Your "squad" of two will split the work between them and make sure your inbox stays clean. They will also have tools at their disposal: the ability to create whitelists for previously approved email senders, and blacklists for senders that should be rejected automatically. Squadbox also scores the toxicity level of each message to help moderators review emails. "This line of work helps provide a map of a hybrid solution to bullying that increases human support with tools in a meaningful way," said University of Michigan Information Professor Clifford Lampe in a press release. Squadbox currently only works with email, but the team behind it hopes to eventually expand to other social media platforms.
Moderators who read harassment could potentially face "psychological risks"
While the service could help Squadbox account holders, it is far from a perfect solution. MIT noted that "the use of friends as moderators simplifies issues related to privacy and personalization, but also presents challenges for the maintenance of relationships." Owners of email accounts also felt guilty for supporting their friends and began to be reluctant to ask for more favors
More importantly, moderation puts stress on volunteers. "Moderating is a lot of work," said an anonymous moderator in the study.

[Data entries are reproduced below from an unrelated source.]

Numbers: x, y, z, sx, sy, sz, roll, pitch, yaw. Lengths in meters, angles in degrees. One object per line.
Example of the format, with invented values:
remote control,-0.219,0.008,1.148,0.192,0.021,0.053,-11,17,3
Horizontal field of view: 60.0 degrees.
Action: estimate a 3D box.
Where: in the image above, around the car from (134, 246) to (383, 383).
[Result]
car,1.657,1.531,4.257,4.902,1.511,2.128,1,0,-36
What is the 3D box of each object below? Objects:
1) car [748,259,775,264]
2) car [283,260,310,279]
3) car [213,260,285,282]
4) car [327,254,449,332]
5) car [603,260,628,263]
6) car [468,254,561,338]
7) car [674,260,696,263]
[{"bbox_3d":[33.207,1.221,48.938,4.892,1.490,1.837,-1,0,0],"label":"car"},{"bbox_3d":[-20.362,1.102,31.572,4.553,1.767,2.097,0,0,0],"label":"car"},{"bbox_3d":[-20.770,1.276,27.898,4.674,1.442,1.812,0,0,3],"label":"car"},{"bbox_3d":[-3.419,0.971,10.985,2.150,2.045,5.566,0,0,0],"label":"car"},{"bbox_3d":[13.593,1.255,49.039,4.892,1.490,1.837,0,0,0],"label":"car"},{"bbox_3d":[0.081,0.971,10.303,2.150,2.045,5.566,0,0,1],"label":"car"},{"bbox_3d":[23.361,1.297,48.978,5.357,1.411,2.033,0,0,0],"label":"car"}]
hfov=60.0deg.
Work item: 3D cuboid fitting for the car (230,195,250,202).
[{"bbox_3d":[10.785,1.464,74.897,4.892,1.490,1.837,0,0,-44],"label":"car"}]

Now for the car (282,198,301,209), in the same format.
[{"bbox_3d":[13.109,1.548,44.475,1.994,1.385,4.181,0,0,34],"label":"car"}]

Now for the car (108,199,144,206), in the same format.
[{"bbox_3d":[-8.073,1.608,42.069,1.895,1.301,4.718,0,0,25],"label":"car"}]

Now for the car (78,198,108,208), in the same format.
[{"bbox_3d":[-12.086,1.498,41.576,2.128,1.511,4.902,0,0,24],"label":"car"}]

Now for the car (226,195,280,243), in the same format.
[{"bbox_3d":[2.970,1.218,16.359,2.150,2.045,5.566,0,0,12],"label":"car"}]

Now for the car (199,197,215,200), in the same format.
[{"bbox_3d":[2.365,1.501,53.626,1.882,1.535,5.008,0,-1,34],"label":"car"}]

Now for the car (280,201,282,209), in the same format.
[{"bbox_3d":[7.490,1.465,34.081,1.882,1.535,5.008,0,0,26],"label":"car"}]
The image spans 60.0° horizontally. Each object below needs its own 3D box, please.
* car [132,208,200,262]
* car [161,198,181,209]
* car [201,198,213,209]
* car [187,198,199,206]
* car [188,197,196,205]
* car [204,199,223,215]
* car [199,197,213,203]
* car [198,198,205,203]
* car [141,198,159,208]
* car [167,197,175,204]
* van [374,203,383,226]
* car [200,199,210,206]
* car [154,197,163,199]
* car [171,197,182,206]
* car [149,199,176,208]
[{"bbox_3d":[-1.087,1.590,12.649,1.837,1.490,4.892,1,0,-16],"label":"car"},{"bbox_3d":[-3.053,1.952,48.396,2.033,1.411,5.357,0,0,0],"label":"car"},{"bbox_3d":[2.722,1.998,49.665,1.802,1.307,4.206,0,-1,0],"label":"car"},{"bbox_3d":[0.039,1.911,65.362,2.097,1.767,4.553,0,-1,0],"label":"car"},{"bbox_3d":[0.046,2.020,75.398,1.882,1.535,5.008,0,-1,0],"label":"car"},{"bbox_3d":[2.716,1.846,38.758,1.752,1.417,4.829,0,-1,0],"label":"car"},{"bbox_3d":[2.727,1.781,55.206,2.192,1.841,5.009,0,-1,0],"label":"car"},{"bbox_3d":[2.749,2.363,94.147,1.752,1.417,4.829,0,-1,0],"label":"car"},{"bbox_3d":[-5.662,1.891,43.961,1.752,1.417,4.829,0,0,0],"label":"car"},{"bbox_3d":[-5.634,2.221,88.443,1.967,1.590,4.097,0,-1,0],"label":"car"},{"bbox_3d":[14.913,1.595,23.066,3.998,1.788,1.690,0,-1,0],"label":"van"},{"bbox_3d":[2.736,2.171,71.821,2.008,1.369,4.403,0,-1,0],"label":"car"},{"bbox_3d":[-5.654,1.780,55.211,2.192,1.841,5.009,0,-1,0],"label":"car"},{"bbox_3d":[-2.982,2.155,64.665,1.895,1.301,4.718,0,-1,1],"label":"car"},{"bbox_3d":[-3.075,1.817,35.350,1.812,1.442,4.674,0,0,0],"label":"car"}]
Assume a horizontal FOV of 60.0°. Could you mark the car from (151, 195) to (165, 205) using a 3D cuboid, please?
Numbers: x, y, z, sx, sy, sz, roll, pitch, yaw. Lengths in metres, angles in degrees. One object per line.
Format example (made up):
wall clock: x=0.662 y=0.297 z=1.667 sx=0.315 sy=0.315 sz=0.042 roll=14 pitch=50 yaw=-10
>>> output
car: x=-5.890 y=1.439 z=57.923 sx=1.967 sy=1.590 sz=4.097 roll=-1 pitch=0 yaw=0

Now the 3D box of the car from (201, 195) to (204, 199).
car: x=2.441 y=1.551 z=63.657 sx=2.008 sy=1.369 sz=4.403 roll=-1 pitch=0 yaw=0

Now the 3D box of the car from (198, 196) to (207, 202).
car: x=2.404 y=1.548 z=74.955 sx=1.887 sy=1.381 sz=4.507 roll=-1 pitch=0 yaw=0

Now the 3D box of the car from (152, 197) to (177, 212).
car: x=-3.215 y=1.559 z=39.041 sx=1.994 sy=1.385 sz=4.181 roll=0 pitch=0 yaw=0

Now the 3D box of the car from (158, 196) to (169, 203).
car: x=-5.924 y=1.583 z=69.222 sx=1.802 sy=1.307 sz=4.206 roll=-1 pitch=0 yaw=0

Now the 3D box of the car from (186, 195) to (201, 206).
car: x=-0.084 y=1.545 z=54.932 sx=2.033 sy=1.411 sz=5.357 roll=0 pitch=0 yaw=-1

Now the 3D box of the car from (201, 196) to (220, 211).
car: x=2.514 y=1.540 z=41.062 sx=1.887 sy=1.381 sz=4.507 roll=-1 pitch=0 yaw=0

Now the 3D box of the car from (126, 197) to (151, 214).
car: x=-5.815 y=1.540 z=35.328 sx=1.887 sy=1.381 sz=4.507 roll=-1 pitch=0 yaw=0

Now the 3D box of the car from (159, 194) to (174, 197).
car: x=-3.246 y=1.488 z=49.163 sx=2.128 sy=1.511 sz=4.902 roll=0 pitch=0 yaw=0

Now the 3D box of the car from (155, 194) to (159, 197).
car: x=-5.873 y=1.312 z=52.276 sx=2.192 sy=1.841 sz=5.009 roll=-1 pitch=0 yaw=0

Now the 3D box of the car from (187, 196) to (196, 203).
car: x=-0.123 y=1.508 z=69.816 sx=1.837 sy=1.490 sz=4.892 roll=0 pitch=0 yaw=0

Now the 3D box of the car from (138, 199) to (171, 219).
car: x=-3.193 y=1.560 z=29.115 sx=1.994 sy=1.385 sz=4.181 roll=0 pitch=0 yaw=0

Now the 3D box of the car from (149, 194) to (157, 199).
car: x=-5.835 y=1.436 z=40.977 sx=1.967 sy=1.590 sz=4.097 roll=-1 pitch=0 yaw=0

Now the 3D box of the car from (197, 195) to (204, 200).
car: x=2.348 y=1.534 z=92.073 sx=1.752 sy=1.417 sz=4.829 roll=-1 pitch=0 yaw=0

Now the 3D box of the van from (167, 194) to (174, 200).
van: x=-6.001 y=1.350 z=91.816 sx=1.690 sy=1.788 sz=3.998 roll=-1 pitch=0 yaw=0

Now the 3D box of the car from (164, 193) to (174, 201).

The study also mentioned that moderators who read harassment could potentially face "psychological risks," raising questions about how feasible the solution is.
The MIT study also found that the moderators finally got tired of checking other people's emails and had slower response times. And while most emails ended up in the trash as junk, few email addresses were blacklisted, probably because a full blacklist of a contact was too extreme a measure. The study concluded that much more precision is needed to fight online harassment.